In the absence of compatibility studies, this medicinal product must not be mixed with other medicinal products.

Unopened vial

5 years

Reconstituted solution for infusion

After reconstitution with sodium chloride 4.5 mg/mL (0.45%) solution, chemical and physical stability has been demonstrated for 3 days at 25 °C.

From a microbiological point of view, unless the method of reconstitution precludes the risk of microbial contamination, the product should be used immediately. If not used immediately, in-use storage times and conditions are the responsibility of the user.

Do not store in a refrigerator (2 °C–8 °C) as this might cause precipitation.

This medicinal product does not require any special storage conditions.

For storage conditions after reconstitution of the medicinal product, see section 6.3.

Colourless type I glass vial, with rubber stopper and aluminium cap containing 5 g of treosulfan.

Trecondi is available in packs of 1 or 5 vials.

Not all pack sizes may be marketed.

As with all cytotoxic substances, appropriate precautions should be taken when handling treosulfan.

Trained personnel should reconstitute the medicinal product. When handling treosulfan, inhalation, skin contact or contact with mucous membranes should be avoided (the use of adequate protective disposable gloves, goggles, gown and mask is recommended). Contaminated body parts should be carefully rinsed with water and soap, the eyes should be rinsed with sodium chloride 9 mg/mL (0.9%) solution. If possible it is recommended to work on a special safety workbench, equipped with laminar flow, with liquid-impermeable, absorbent disposable foil. Adequate care and precautions should be taken in the disposal of items (syringes, needles, etc.) used to reconstitute cytotoxic medicinal products. Use Luer-lock fittings on all syringes and sets. Large bore needles are recommended to minimise pressure and the possible formation of aerosols. The latter may also be reduced by the use of a venting needle.

Pregnant personnel should be excluded from handling cytotoxics.

Instructions for reconstitution of treosulfan:

1. Treosulfan is reconstituted in its original glass container. Reconstituted solutions of treosulfan may be combined into a larger glass vial, PVC bag or PE bag.

2. To avoid solubility problems, warm the solvent, sodium chloride 4.5 mg/mL (0.45%) solution, to 25 °C–30 °C (not higher), for example by using a water bath.

3. Remove the treosulfan powder carefully from the inner surface of the vial by shaking. This procedure is very important, because moistening of powder that sticks to the surface results in caking. If this happens, vigorously shake the vial to redissolve the cake.

4. Reconstitute each vial of Trecondi containing 5 g treosulfan in 100 mL of pre-warmed (maximum 30 °C) sodium chloride 4.5 mg/mL (0.45%) solution by shaking.
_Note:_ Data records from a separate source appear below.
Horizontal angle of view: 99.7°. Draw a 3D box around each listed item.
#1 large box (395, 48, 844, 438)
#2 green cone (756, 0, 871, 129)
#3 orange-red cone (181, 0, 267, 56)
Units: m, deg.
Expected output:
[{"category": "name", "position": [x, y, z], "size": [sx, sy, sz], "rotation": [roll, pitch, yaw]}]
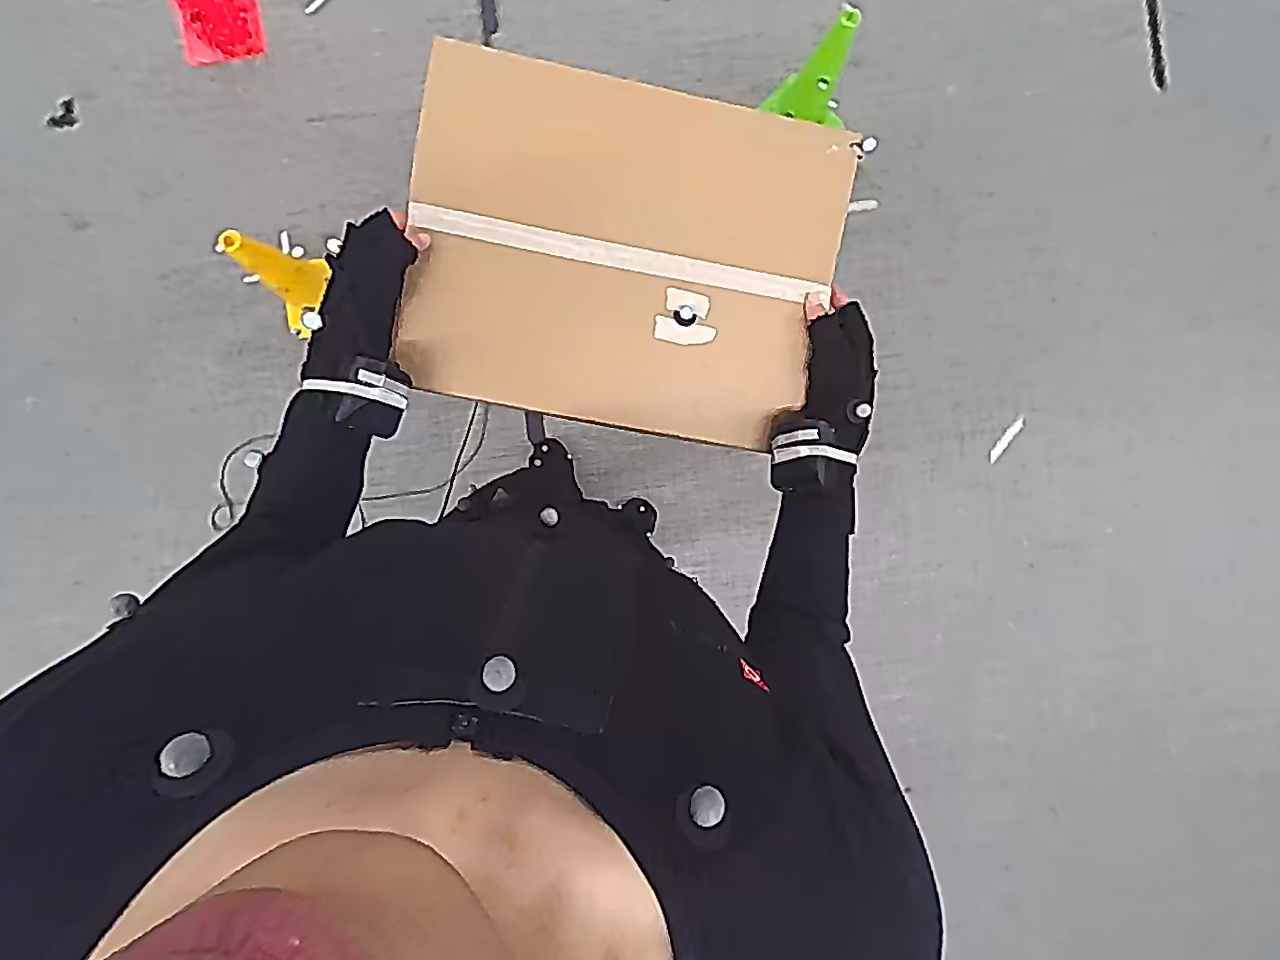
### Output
[{"category": "large box", "position": [-0.030, -0.232, 0.667], "size": [0.408, 0.320, 0.320], "rotation": [9, 95, -5]}, {"category": "green cone", "position": [0.445, -0.976, 1.293], "size": [0.202, 0.368, 0.200], "rotation": [-44, 94, -2]}, {"category": "orange-red cone", "position": [-1.075, -1.201, 1.232], "size": [0.198, 0.360, 0.199], "rotation": [-9, 94, -1]}]

For preparation of sodium chloride 4.5 mg/mL (0.45%) solution equivalent volumes of sodium chloride 9 mg/mL (0.9%) solution and water for injections can be mixed.

The reconstituted solution contains 50 mg treosulfan per mL and appears as a clear colourless solution. Solutions showing any sign of precipitation should not be used.

Treosulfan has mutagenic and carcinogenic potential. Remnants of the medicinal product, as well as all materials that have been used for reconstitution and administration must be destroyed according to standard procedures applicable to antineoplastic agents, with due regard to current laws related to the disposal of hazardous waste.